Yunyi Jia, Ning Xi, Shuang Liu, Yunxia Wang, Xin Li, and Sheng Bi, Quality of teleoperator adaptive control for telerobotic operations The International Journal of Robotics Research December 2014 33: 1765-1781, first published on November 13, 2014. DOI: 10.1177/0278364914556124

Extensive studies have been conducted on telerobotic operations for decades due to their widespread applications in a variety of areas. Most studies have been focused on two major issues: stability and telepresence. Few have studied the influence of the operation status of the teleoperator on the performance of telerobotic operations. As subnormal operation status of the teleoperator may result in insufficient and even incorrect operations, the quality of teleoperator (QoT) is an important impact on the performance of the telerobotic operations in terms of the efficiency and safety even if both the stability and telepresence are guaranteed. Therefore, this paper investigates the online identification of the QoT and its application to telerobotic operations. The QoT is identified based on five QoT indicators which are generated based on the teleoperator’s brain EEG signals. A QoT adaptive control method is designed to adapt the velocity and responsivity of the robotic system to the operation status of the teleoperator such that the teleoperation efficiency and safety can be enhanced. The online QoT identification method was conducted on various teleoperators and the QoT adaptive control method was implemented on a mobile manipulator teleoperation system. The experimental results demonstrated the effectiveness and advantages of the proposed methods.
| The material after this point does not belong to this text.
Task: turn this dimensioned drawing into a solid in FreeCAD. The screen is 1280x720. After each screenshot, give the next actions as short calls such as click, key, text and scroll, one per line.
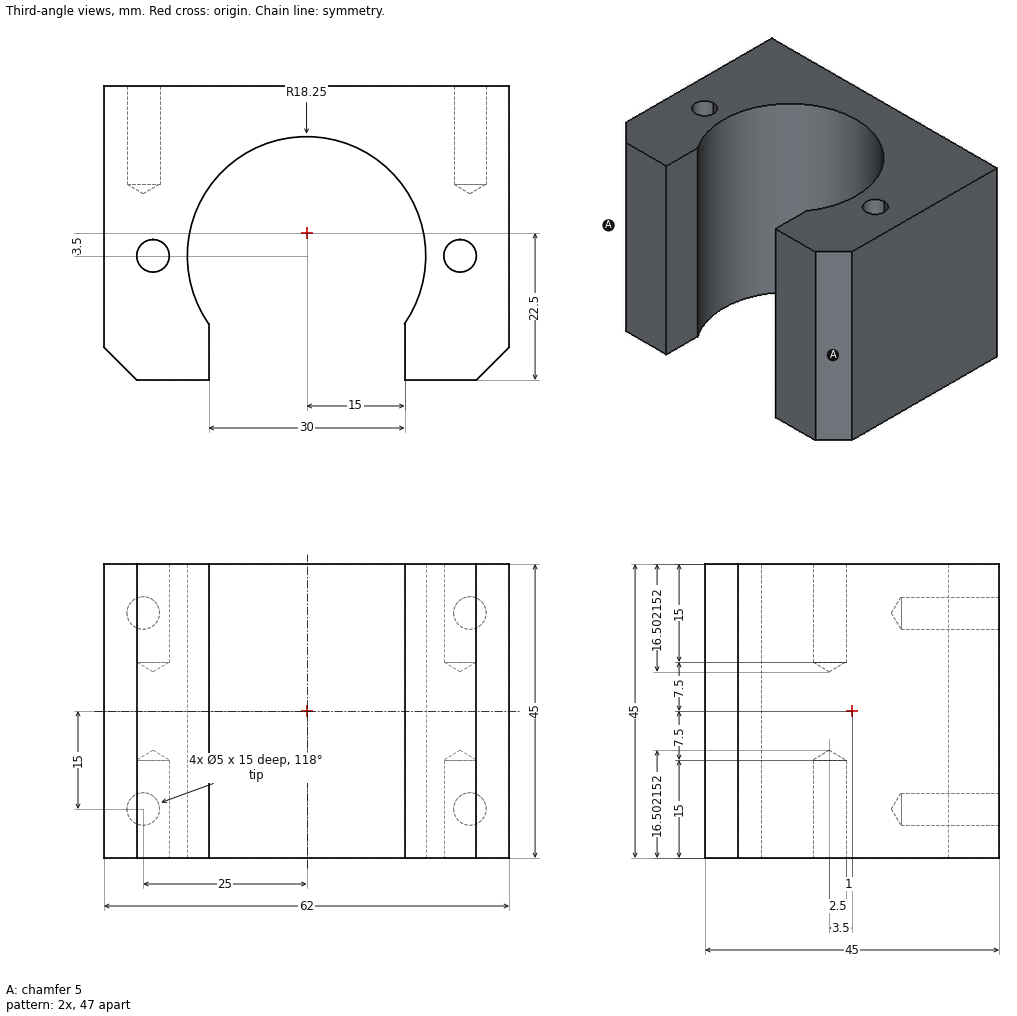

Probabilistic models of several sensors plus a method for distinguishing the different hypotheses from the posterior of a PF

V. Alvarez-Santos, A. Canedo-Rodriguez, R. Iglesias, X.M. Pardo, C.V. Regueiro, M. Fernandez-Delgado, Route learning and reproduction in a tour-guide robot, Robotics and Autonomous Systems, Volume 63, Part 2, January 2015, Pages 206-213, ISSN 0921-8890. DOI: 10.1016/j.robot.2014.07.013

Traditionally, route information is introduced in tour-guide robots by experts in robotics. In the tour-guide robot that we are developing, we allow the robot to learn new routes while following an instructor. In this paper we describe the route recording process that takes place while following a human, as well as, how those routes are later reproduced.

A key element of both route recording and reproduction is a robust multi-sensorial localization algorithm that we have designed, which is able to combine various sources of information to obtain an estimate of the robot’s pose. In this work we detail how the algorithm works, and how we use it to record routes. Moreover, we describe how our robot reproduces routes, including path planning within route points, and dynamic obstacle avoidance for safe navigation. Finally, we show through several trajectories how the robot was able to learn and reproduce different routes.